Anyone got any recommendations on how to?


----------



## GailInNM (Nov 10, 2009)

John,
I did a tutorial on how I silver braze them. It is contained in the thread at:
http://www.homemodelenginemachinist.com/index.php?topic=305.0
Gail in NM


----------



## RobWilson (Nov 10, 2009)

Hi Gail

Great wright up Thm:


Rob


----------



## John Rudd (Nov 10, 2009)

Ah...the light has just come on!!! 

GinNM, great explanation.... I need to make a jig for grinding the blade ends...

Many thanks...


----------



## GailInNM (Nov 10, 2009)

Thanks Rob.

John,
You can grind them by hand on a bench grinder. I did for many years, but the grinding jig did improve the quality a lot and also made it much faster.

The important jig is the one to hold the blades for brazing. The ends have to be aligned and the blade has to be straight. 

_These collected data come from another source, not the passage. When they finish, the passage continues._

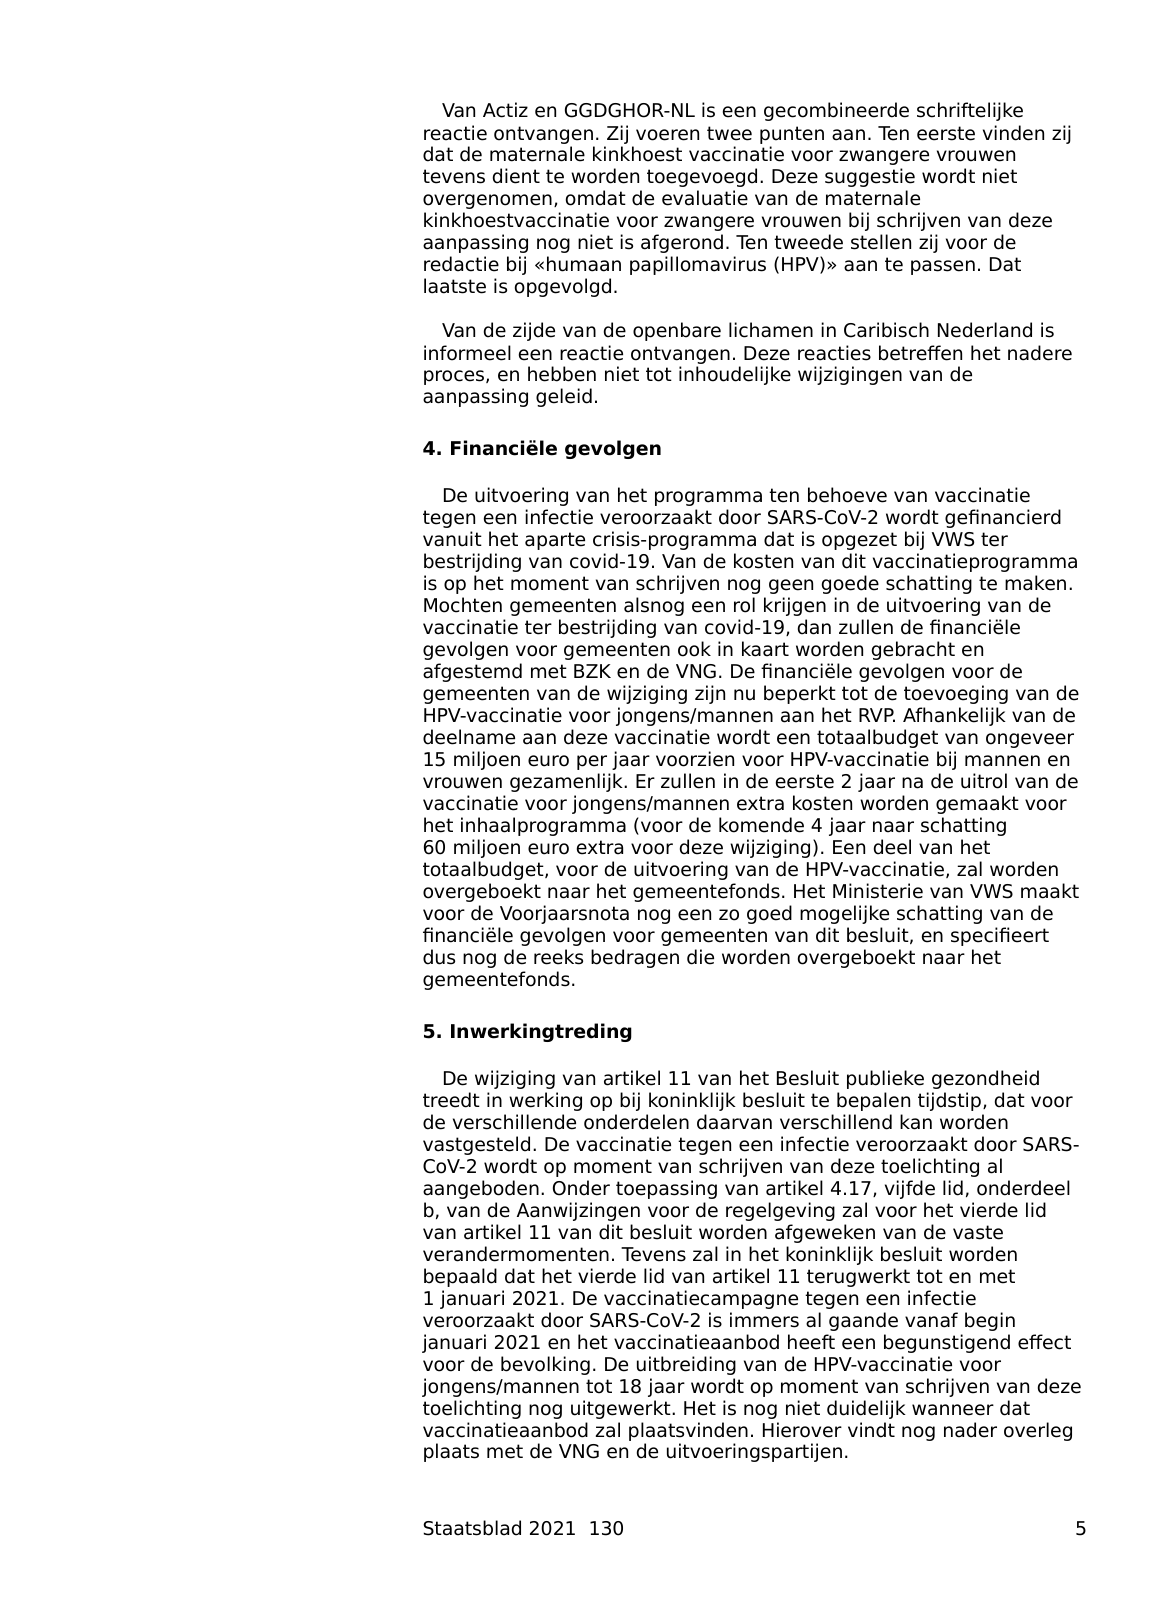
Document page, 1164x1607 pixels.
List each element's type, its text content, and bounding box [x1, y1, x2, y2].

subtitle 4. Financiële gevolgen [422, 438, 1087, 460]
subtitle 5. Inwerkingtreding [422, 1021, 1087, 1043]
text De uitvoering van het programma ten behoeve van vaccinatie tegen een infectie veroorzaakt door SARS-CoV-2 wordt gefinancierd vanuit het aparte crisis-programma dat is opgezet bij VWS ter bestrijding van covid-19. Van de kosten van dit vaccinatieprogramma is op het moment van schrijven nog geen goede schatting te maken. Mochten gemeenten alsnog een rol krijgen in de uitvoering van de vaccinatie ter bestrijding van covid-19, dan zullen de financiële gevolgen voor gemeenten ook in kaart worden gebracht en afgestemd met BZK en de VNG. De financiële gevolgen voor de gemeenten van de wijziging zijn nu beperkt tot de toevoeging van de HPV-vaccinatie voor jongens/mannen aan het RVP. Afhankelijk van de deelname aan deze vaccinatie wordt een totaalbudget van ongeveer 15 miljoen euro per jaar voorzien voor HPV-vaccinatie bij mannen en vrouwen gezamenlijk. Er zullen in de eerste 2 jaar na de uitrol van de vaccinatie voor jongens/mannen extra kosten worden gemaakt voor het inhaalprogramma (voor de komende 4 jaar naar schatting 60 miljoen euro extra voor deze wijziging). Een deel van het totaalbudget, voor de uitvoering van de HPV-vaccinatie, zal worden overgeboekt naar het gemeentefonds. Het Ministerie van VWS maakt voor de Voorjaarsnota nog een zo goed mogelijke schatting van de financiële gevolgen voor gemeenten van dit besluit, en specifieert dus nog de reeks bedragen die worden overgeboekt naar het gemeentefonds. [422, 485, 1087, 991]
text De wijziging van artikel 11 van het Besluit publieke gezondheid treedt in werking op bij koninklijk besluit te bepalen tijdstip, dat voor de verschillende onderdelen daarvan verschillend kan worden vastgesteld. De vaccinatie tegen een infectie veroorzaakt door SARS-CoV-2 wordt op moment van schrijven van deze toelichting al aangeboden. Onder toepassing van artikel 4.17, vijfde lid, onderdeel b, van de Aanwijzingen voor de regelgeving zal voor het vierde lid van artikel 11 van dit besluit worden afgeweken van de vaste verandermomenten. Tevens zal in het koninklijk besluit worden bepaald dat het vierde lid van artikel 11 terugwerkt tot en met 1 januari 2021. De vaccinatiecampagne tegen een infectie veroorzaakt door SARS-CoV-2 is immers al gaande vanaf begin januari 2021 en het vaccinatieaanbod heeft een begunstigend effect voor de bevolking. De uitbreiding van de HPV-vaccinatie voor jongens/mannen tot 18 jaar wordt op moment van schrijven van deze toelichting nog uitgewerkt. Het is nog niet duidelijk wanneer dat vaccinatieaanbod zal plaatsvinden. Hierover vindt nog nader overleg plaats met de VNG en de uitvoeringspartijen. [422, 1068, 1087, 1463]
text Van Actiz en GGDGHOR-NL is een gecombineerde schriftelijke reactie ontvangen. Zij voeren twee punten aan. Ten eerste vinden zij dat de maternale kinkhoest vaccinatie voor zwangere vrouwen tevens dient te worden toegevoegd. Deze suggestie wordt niet overgenomen, omdat de evaluatie van de maternale kinkhoestvaccinatie voor zwangere vrouwen bij schrijven van deze aanpassing nog niet is afgerond. Ten tweede stellen zij voor de redactie bij «humaan papillomavirus (HPV)» aan te passen. Dat laatste is opgevolgd. [422, 100, 1087, 298]
text Van de zijde van de openbare lichamen in Caribisch Nederland is informeel een reactie ontvangen. Deze reacties betreffen het nadere proces, en hebben niet tot inhoudelijke wijzigingen van de aanpassing geleid. [422, 320, 1087, 408]

After you have done a few it will be almost second nature. If you have an old dull blade, practice on it a few times. 

I would say good luck, but luck has very little to do with it. Doing it a few times is the key.

Gail in NM


----------



## John Rudd (Nov 10, 2009)

Gail,

I already have a jig/fixture callit what you want...Basically a piece of angle iron with a cutout and two clamps( I should post a picture...)...Most posts I read seemd to indicate a butt joint as in the ends of the blade were just joined together...That just didnt seem right....Your explanation of a lap joint is much better and will result in a stronger joint...

I guess it comes down to terminology...

I'll post up my jig tomoro' hopefullly....


----------